Suppose statement 2 is true and axiom of induction is false. Then there exists a set A so that $0 \in A$ and $ (n \in A) \Rightarrow (n+1 \in A)$,   while A is a strict subset of $\mathbb{N}$, so the complement $А^c$ is non-empty. According to statement 2, set $A^c$ should contain minimum $m$. Since $0 \notin A$, then $0 \lt m$, so according to transitivity $0$ must be less than any number in $А$, including $0$ itself which is a contradiction.

Still it doesn't prove the opposite implication.

Answer 1

To show: "Any subset of $\mathbb{N}$ with upper bound contains maximum"

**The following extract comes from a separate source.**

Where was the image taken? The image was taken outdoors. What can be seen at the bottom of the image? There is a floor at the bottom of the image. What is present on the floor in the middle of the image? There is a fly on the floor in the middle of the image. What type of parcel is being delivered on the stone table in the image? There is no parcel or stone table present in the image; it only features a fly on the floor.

Let $A\subseteq \mathbb{N}$ such that $\beta\in\mathbb{N}$ is an upper-bound of $A$.
By pigeon-hole principle, $|A|\le \beta$.
Now we can use induction on size of $A$ to show that there exists a maximum.
But, principle of mathematical induction relies on Well-Ordering Principle of $\mathbb{N}$, which in turn, relies on inductive axiom of Peano.

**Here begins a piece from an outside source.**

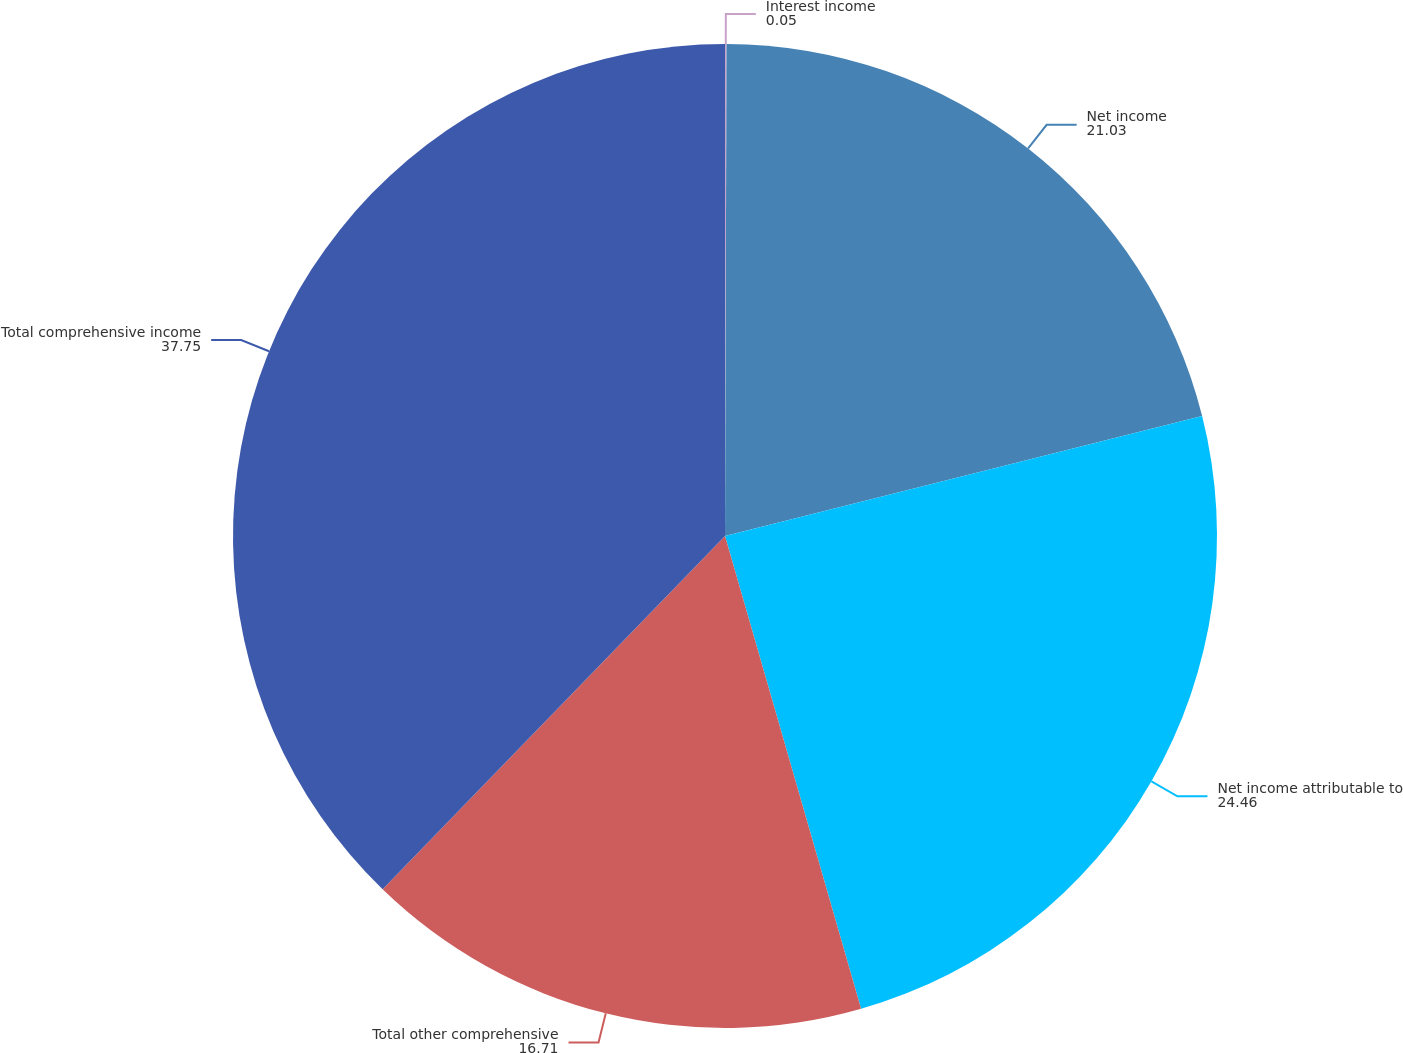Convert chart to OTSL. <chart><loc_0><loc_0><loc_500><loc_500><pie_chart><fcel>Interest income<fcel>Net income<fcel>Net income attributable to<fcel>Total other comprehensive<fcel>Total comprehensive income<nl><fcel>0.05%<fcel>21.03%<fcel>24.46%<fcel>16.71%<fcel>37.75%<nl></chart>

Also note, that you can not define subset of negative integers like $B=\{-a:a\in A\}$, because $B$ is no more subset of $\mathbb{N}$, so Peano's axioms can't be applied on $B$.

Additional comment:
Caution: I assume $0\in\mathbb{N}$.

Proposition: If $|A|=m$, for some $m\in\mathbb{N}$, then $\sup{A}\in A$

Define inductive set $T=\{n:\sup{A}\in A,\text{when }|A|=n\}$.
We need to show that $T=\mathbb{N}\setminus\{0\}$.
But inductive axiom of Peano, is not suitable to prove this. So, we instead define set $S=T\cup\{0\}$ and show that $S=\mathbb{N}$ using inductive ($5^{th}$) axiom of Peano.
$0\in S$, by definition.
Assume $n\in S$, i.e., $\sup{A}\in A$ when $|A|=n$. Let $\sup{A}=\alpha$.
When $|A'|=n+1$, $A'=A\cup\{b\}$, where $b$ is the new element.
Two possible cases for $b\in A'$: either $b>\alpha$ or $b\le \alpha$. ($\because$ Trichotomy).
$\implies b=\sup{A'}$ or $\alpha=\sup{A'}$.
In either case, $\sup{A'}\in A'$.
Hence, $n+1\in S$.
By inductive axiom of Peano, we have shown that for every size $m\in\mathbb{N}$ of set $A$, $\sup{A}\in A$.

Answer 2

Your argument does not make sense. The axiom of induction says something about subsets $A ⊆ ℕ$ such that $0 ∈ A$ and $∀n ∈ ℕ \colon~ n ∈ A \implies n+1 ∈ A$.

You are trying to say something about a bounded set $A$. But can you be sure that $0 ∈ A$ and that $∀n∈ ℕ \colon~ n ∈ A \implies n+1 ∈ A$? You are trying to use “$s - 1 ∈ A \implies s ∈ A$” directly, but that’s not given here. So why would that be the case?

Instead, view it this way: The axiom of induction says that some subsets $A ⊆ ℕ$ with certain properties are already all $ℕ$. Equivalently, it says that some subsets $A ⊆ ℕ$ with certain properties have empty complement $A^\mathrm c = ∅$.

Using contraposition, these certain properties in question can be paraphrased as:

• Zero can be no minimum of $A^\mathrm c$.
• No other element of $ℕ$ can be a minimum of $A^\mathrm c$.

From this, it’s easy to see that the axiom of induction is equivalent to every nonempty subset $A ⊆ ℕ$ having a minimum (again, this is using contraposition). This, in turn, is easily seen to be equivalent to every bounded, nonempty subset $A ⊆ ℕ$ having a minimum.